What are income funds?
Many of you might have heard about collective investment schemes. In fact, some time ago I had written about and explained how collective investment schemes work and how to evaluate them. Collective investment schemes are schemes whereby the fund...
Many of you might have heard about collective investment schemes. In fact, some time ago I had written about and explained how collective investment schemes work and how to evaluate them.
Collective investment schemes are schemes whereby the fund manager, who is normally in charge of the administration of the scheme, collects money from many different investors and, by amalgamating the sums collected, will be in a position to invest these monies in different securities in line with the objectives of the scheme.
Collective investment schemes come in many different types. For example, those investing in shares are known as equity funds while those investing in bonds are known as income funds/bond funds. A balance between shares and bonds will make up a balanced fund.
We can therefore say that income funds are funds whereby the fund manager invests the money collected from the different investors in instruments which produce income, namely bonds and other fixed interest instruments.
Income funds can also be further split into "distributing" and "accumulating" funds.
Distributing income funds are those where the income generated from the bond investments gets paid out to the investor. The frequency of the payments depends on the fund chosen but can range from monthly to yearly payments. Funds offering monthly payments are very popular in the local market.
Accumulating income funds are those funds in which the income generated gets accumulated to the capital, either via the purchase of additional units or through an increase in the price of the fund.

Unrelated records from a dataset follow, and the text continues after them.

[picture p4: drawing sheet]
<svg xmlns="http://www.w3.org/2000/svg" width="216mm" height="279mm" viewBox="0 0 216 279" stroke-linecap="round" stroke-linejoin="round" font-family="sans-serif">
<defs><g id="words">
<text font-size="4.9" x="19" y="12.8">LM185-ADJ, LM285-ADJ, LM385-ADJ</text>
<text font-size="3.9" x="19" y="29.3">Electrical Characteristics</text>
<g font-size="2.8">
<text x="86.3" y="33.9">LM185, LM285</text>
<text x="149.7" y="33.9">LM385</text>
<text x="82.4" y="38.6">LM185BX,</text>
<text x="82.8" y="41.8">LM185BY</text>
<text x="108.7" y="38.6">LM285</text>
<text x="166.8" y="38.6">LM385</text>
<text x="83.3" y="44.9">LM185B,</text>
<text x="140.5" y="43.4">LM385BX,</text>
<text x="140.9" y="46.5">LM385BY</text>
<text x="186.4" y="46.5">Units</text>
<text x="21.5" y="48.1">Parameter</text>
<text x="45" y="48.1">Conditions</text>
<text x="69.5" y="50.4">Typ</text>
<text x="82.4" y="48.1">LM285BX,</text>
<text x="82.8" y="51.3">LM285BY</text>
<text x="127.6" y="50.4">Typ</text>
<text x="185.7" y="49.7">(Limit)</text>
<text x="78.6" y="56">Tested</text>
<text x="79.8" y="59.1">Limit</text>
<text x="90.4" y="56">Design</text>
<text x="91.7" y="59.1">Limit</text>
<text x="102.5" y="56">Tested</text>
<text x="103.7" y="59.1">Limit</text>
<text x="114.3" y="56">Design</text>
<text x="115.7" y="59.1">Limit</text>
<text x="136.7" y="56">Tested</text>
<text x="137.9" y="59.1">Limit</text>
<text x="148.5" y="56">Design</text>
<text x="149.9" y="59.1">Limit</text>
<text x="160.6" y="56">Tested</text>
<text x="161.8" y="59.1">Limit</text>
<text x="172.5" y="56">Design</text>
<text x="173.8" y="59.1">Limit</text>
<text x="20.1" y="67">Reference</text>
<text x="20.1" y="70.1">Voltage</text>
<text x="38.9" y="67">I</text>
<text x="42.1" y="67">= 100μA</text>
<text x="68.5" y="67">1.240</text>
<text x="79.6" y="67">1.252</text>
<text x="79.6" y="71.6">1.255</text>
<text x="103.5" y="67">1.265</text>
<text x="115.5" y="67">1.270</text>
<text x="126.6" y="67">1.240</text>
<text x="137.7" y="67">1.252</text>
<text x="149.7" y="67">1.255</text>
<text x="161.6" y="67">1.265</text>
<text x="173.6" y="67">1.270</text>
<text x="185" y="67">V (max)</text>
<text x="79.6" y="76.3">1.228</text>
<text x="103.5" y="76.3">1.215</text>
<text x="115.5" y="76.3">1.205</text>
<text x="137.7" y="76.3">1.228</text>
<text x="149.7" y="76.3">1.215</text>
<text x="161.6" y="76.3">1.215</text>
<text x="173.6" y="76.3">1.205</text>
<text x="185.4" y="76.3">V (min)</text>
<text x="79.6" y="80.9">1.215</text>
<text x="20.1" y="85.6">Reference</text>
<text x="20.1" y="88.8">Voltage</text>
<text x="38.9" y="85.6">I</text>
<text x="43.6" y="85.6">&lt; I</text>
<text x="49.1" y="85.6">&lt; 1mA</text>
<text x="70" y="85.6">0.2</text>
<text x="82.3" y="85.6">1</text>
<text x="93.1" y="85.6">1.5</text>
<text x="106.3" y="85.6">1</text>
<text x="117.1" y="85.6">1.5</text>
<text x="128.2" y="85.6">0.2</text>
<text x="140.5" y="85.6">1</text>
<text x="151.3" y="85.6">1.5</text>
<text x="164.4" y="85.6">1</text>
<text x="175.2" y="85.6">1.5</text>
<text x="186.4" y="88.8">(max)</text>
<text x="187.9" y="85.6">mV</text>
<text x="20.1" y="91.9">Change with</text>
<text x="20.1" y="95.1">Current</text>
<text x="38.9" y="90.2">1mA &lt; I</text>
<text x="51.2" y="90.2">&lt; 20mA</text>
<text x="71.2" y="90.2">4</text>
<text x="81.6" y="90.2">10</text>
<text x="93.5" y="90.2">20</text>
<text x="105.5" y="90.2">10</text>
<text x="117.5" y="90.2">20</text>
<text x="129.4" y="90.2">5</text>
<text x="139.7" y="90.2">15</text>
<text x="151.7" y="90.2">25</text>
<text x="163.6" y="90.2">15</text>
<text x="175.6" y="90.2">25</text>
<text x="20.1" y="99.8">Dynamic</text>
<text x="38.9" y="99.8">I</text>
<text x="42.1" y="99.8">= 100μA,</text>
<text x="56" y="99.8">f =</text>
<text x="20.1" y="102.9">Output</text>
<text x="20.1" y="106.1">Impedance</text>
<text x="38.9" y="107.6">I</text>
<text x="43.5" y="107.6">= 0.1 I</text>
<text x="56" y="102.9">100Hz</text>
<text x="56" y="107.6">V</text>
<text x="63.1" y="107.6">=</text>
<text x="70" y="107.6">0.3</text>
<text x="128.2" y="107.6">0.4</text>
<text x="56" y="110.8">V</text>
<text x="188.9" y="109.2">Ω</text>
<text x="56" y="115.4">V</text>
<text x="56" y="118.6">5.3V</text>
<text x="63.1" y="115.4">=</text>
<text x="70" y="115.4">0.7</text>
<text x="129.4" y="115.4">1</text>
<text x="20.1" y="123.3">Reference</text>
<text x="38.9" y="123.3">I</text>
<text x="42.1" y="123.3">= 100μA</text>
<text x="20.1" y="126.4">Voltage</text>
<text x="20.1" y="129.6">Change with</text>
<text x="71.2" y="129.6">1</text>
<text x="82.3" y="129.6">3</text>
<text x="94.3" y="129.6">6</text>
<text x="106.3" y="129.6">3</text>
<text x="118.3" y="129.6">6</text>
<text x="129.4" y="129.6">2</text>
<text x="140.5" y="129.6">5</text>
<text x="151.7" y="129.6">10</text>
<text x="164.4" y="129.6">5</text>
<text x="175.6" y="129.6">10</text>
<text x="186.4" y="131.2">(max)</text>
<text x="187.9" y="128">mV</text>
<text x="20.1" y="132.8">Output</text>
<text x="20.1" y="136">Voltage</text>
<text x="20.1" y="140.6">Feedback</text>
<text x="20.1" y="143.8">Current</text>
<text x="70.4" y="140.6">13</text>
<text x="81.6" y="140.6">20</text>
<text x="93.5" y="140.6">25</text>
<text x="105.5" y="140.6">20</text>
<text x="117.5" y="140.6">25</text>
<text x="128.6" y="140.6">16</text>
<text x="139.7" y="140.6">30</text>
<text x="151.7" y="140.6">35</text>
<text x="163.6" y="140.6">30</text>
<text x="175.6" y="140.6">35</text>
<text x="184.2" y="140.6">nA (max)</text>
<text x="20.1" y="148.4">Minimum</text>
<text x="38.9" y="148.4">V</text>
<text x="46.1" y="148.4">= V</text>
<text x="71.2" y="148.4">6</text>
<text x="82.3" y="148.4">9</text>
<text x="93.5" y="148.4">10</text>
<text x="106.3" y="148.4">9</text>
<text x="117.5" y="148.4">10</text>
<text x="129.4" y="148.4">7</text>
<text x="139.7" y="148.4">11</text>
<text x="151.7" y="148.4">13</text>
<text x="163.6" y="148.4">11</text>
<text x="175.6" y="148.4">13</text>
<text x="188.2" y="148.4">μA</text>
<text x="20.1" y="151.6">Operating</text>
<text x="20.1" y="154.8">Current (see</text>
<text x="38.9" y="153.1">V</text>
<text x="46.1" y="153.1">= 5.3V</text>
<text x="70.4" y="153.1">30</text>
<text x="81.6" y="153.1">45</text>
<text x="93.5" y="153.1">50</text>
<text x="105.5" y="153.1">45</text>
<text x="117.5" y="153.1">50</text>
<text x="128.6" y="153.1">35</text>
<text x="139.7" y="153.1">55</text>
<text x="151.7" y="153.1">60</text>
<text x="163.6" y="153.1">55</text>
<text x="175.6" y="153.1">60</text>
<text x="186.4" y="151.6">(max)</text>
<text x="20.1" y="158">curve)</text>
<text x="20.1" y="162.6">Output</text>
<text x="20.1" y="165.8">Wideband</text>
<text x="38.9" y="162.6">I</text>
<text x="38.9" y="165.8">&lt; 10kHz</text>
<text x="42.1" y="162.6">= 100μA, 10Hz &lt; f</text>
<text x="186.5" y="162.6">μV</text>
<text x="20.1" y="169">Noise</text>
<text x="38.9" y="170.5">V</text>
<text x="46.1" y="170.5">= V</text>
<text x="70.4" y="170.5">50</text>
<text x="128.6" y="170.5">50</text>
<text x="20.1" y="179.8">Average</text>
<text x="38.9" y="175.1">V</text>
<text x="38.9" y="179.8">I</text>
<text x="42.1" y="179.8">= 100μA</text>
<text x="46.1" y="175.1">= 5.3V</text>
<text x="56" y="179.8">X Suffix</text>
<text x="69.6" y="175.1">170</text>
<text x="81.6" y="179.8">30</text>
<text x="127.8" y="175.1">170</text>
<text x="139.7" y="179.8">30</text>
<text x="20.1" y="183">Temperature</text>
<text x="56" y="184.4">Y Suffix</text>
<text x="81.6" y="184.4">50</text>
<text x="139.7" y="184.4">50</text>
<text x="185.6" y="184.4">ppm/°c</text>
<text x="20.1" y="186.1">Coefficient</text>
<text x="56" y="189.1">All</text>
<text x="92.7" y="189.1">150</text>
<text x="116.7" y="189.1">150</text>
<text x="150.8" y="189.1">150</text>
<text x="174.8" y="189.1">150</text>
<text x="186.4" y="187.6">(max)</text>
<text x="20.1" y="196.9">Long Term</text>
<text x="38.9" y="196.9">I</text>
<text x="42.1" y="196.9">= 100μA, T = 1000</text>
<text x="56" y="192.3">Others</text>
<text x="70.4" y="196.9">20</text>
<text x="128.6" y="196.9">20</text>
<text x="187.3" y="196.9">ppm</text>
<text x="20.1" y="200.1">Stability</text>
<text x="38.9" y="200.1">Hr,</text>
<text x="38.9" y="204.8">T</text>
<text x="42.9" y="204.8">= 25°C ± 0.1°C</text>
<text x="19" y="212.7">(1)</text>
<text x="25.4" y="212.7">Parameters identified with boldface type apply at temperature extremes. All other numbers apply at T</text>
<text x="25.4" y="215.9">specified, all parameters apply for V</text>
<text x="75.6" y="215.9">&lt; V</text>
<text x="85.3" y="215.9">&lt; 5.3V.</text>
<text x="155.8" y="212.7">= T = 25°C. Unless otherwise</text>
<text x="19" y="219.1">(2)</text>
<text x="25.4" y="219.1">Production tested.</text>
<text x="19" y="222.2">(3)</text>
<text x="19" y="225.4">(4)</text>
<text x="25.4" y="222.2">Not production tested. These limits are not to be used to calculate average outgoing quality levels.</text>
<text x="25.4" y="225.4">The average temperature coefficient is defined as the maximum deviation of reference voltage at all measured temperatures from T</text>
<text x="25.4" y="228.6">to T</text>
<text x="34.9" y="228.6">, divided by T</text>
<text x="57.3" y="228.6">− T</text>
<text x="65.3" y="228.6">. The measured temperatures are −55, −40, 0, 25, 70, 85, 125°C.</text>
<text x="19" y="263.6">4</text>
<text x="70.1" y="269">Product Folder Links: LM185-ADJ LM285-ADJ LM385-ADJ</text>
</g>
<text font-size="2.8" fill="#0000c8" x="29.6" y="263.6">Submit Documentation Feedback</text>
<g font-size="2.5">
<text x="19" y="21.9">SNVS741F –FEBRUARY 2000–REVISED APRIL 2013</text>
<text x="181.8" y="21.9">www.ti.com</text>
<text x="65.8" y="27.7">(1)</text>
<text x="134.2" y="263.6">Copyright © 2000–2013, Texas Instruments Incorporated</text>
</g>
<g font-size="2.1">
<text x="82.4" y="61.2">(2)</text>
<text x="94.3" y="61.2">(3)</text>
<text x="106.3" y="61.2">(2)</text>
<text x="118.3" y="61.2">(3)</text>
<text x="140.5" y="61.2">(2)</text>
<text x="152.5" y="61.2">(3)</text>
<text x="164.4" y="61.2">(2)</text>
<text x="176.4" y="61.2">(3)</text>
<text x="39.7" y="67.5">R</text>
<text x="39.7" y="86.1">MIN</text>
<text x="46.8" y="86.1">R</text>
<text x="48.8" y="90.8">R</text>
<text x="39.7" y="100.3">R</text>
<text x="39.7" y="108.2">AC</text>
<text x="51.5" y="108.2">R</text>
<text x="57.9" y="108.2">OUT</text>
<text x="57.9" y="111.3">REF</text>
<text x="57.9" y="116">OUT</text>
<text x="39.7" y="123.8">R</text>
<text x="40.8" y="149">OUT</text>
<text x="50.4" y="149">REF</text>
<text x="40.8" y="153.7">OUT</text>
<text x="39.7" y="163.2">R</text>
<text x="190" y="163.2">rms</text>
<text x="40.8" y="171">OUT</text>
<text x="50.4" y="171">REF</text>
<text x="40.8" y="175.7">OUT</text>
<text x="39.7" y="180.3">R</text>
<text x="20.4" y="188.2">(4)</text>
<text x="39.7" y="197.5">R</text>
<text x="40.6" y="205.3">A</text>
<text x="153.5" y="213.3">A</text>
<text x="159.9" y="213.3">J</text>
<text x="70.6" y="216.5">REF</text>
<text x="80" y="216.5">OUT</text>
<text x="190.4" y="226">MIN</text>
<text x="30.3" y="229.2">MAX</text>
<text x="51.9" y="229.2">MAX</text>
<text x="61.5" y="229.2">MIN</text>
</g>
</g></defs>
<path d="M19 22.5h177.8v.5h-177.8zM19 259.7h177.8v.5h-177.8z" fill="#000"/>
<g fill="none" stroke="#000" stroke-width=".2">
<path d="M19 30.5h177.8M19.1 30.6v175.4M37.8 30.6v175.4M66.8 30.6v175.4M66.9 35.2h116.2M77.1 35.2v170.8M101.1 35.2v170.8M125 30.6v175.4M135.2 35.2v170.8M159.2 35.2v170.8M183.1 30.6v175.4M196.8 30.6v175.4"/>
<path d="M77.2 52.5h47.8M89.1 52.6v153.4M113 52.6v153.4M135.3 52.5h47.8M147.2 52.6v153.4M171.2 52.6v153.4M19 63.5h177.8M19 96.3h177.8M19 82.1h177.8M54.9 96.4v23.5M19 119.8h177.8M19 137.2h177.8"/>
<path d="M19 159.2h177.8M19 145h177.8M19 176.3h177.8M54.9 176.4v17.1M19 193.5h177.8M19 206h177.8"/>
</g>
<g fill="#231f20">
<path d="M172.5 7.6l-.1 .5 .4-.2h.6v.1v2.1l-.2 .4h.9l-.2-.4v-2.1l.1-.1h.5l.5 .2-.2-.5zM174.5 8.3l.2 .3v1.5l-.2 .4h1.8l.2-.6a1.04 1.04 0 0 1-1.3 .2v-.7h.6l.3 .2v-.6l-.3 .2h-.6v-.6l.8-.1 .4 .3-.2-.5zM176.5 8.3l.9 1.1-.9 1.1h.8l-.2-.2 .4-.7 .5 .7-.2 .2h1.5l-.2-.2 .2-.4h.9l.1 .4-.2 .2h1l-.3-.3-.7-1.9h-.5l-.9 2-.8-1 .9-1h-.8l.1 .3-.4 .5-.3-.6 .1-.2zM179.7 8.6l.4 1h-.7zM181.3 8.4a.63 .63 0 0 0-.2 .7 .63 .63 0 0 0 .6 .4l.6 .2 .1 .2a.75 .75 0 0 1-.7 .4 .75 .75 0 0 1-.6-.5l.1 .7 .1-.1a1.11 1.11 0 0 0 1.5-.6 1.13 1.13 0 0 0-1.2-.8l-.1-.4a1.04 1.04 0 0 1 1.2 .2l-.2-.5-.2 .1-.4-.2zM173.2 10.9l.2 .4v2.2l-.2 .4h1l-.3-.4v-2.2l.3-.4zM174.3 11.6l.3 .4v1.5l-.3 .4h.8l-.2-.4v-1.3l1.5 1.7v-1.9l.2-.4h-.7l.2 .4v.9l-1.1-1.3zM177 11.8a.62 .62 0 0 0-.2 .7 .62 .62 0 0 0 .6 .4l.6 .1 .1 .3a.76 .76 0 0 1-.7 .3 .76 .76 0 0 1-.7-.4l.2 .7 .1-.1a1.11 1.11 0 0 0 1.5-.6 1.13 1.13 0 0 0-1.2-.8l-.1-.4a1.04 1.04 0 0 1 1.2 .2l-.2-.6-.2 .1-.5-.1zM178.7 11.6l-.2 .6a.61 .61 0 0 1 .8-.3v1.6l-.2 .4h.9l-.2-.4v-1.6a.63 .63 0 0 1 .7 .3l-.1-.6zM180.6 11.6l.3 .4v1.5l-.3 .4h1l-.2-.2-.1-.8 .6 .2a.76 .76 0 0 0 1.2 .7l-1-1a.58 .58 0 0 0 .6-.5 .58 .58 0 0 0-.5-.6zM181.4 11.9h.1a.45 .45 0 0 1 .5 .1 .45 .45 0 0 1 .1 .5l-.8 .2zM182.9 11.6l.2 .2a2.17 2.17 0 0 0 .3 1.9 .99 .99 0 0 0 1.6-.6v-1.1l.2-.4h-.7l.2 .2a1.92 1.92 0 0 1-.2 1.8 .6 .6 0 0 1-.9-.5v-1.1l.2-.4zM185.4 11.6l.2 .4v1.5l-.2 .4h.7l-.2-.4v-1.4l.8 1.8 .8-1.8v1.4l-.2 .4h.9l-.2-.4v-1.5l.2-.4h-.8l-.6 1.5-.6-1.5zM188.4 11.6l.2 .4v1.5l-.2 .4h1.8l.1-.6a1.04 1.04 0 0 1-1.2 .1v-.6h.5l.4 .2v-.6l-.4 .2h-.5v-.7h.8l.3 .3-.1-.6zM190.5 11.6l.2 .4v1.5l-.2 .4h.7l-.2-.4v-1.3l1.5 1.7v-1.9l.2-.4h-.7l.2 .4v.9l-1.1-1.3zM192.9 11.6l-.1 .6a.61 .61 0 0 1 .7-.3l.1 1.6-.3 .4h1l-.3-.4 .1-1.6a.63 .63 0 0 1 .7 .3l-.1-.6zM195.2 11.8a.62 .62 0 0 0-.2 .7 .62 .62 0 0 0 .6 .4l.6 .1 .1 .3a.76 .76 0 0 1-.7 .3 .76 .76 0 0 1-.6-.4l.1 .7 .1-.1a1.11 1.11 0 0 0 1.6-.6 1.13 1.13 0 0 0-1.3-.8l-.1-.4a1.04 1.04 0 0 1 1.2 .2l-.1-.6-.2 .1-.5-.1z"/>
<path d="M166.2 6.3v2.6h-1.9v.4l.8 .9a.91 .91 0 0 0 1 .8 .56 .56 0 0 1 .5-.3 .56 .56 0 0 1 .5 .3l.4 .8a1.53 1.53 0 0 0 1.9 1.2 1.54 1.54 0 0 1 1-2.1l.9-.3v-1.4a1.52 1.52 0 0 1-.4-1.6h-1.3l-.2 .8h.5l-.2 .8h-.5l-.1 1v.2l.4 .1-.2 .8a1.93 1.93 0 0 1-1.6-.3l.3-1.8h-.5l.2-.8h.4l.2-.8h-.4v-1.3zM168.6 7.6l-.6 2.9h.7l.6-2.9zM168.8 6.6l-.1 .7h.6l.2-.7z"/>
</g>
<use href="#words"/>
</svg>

Income funds can also be found in different currencies, for example sterling, US dollar and euro income funds.
How does the fund manager decide where to invest the monies he receives?
The fund manager will have a set objective for each fund. For example, an income fund might invest in government issued paper only, or it might invest in corporate bonds or a mixture of both.
The investor thus has the option to choose the fund best suited to his needs and his risk profile.
The fund manager also has to decide what degree of risk he will take when investing the money available. Obviously, the higher the return (yield) being given, the higher the risk being taken.
Investors should be aware that the market is a mechanism which does not allow anomalies. This means that there is no "super" bond or fund which gives you a high rate of return without taking an equivalent risk.
Therefore, before investing in a particular fund, the investor must assess the credit rating of the underlying investments which indicates the degree of risk being taken. The table on page 31 is a guide of the credit ratings normally quoted.
A fund can be fully invested in, for example, one credit class or it can have a mixture of different risk ratings. Details should be found in the fund`s prospectus which should be perused before investing.
As can be seen, income funds, or indeed collective investment schemes in general, offer the investor the opportunity to diversify his holdings while still investing small sums of money.
Furthermore, the fact that the fund manager is not investing all the money in one bond, further reduces the risk of the investment. Therefore, the saying "don`t put all your eggs in one basket" is given great credence when investing through collective investment schemes.
Investors should also take note of the standing and reputation of the fund manager and should also consider the size of the fund in question. The larger the fund the better, since running costs, such as advertising and printing costs, would be split among more investors, keeping the cost base low.
Finally, investors should take note of the tax treatment of the income fund in which they wish to invest.
Recently, the government introduced special tax incentives for locally listed collective investment schemes which now fall under the 15 per cent final withholding tax regime. Investors are therefore urged to seek appropriate advice before investing.